= Operation Clausewitz =

Defence of Berlin from Soviet troops in 1945

Operation Clausewitz (Fall Clausewitz) was the code word initiating the defence of Berlin by Nazi Germany during the final stage of the European Theatre of World War II. Clausewitz was established in the 9 March 1945 document, Basic Order for the Preparations for the Defense of the Reich Capital (Grundsätzlicher Befehl für die Vorbereitungen zur Verteidigung der Reichshauptstadt), a 33-page document containing 24 separate points. The second point of the document, in full (translated) is: "The Reich capital will be defended to the last man and to the last bullet." It has been referred to as the Nazis' last stand against the Soviets.
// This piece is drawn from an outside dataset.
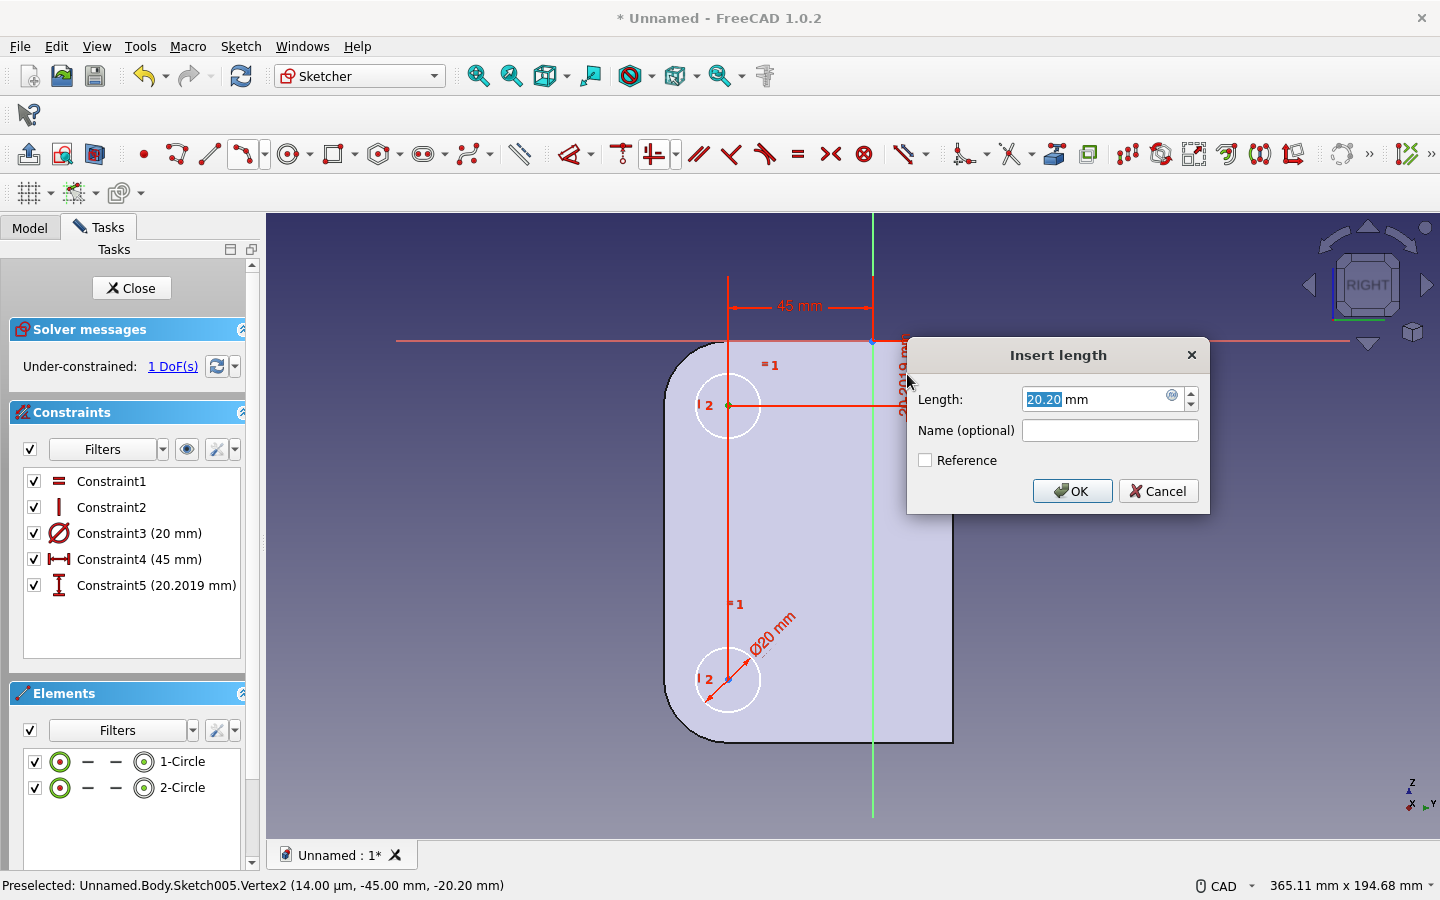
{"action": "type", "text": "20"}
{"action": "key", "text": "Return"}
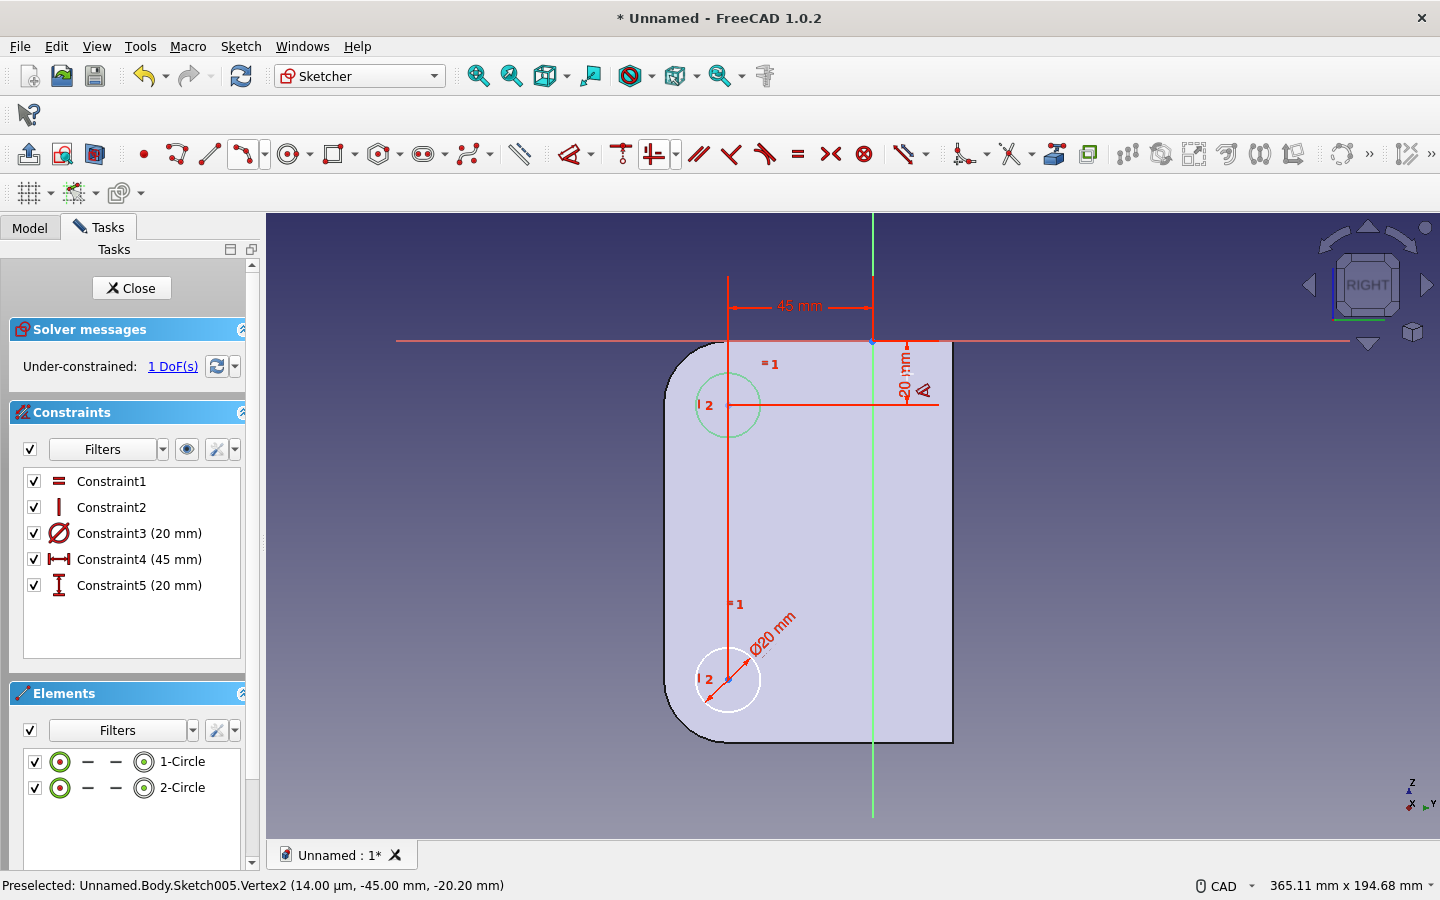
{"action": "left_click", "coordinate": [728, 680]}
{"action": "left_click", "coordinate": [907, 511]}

The document divided the city of Berlin into nine operational defense zones (A to H, as slices of the outer city of Berlin and Z, its center, corresponding to the government district). It further divided the region into four concentric rings: an outer exclusion zone, extending well past Berlin's city limits; an outer defense zone extending roughly to the city limits; an inner defense zone extending out to the Berlin Ringbahn; and the Citadel (Zitadelle), again, zone Z. In addition to the establishment of defense zones, this document also described the overall mechanism by which Berlin would be converted to a front line city. This included:
- The evacuation of all Wehrmacht and SS offices in Berlin
- Evacuation of the central command post of the capital from General Command on Hohenzollern to L-Tower of the Zoo bunker no more than six hours after the issuance of Clausewitz
- The imposition of martial law for the civilian populace, and offences under which the death penalty was authorized
The document also outlined the destruction of thousands of documents that were deemed "essential" to the Nazi war machine, this including documents pertaining to military and civilian logistics and installations, medical research, and other technological research.

Adolf Hitler ordered the execution of Fall Clausewitz on 20 April 1945. This set into motion preparations according to the Basic Order plan, and would have been followed later by the code word Kolberg, meaning full preparations should have been completed and the battle would have started.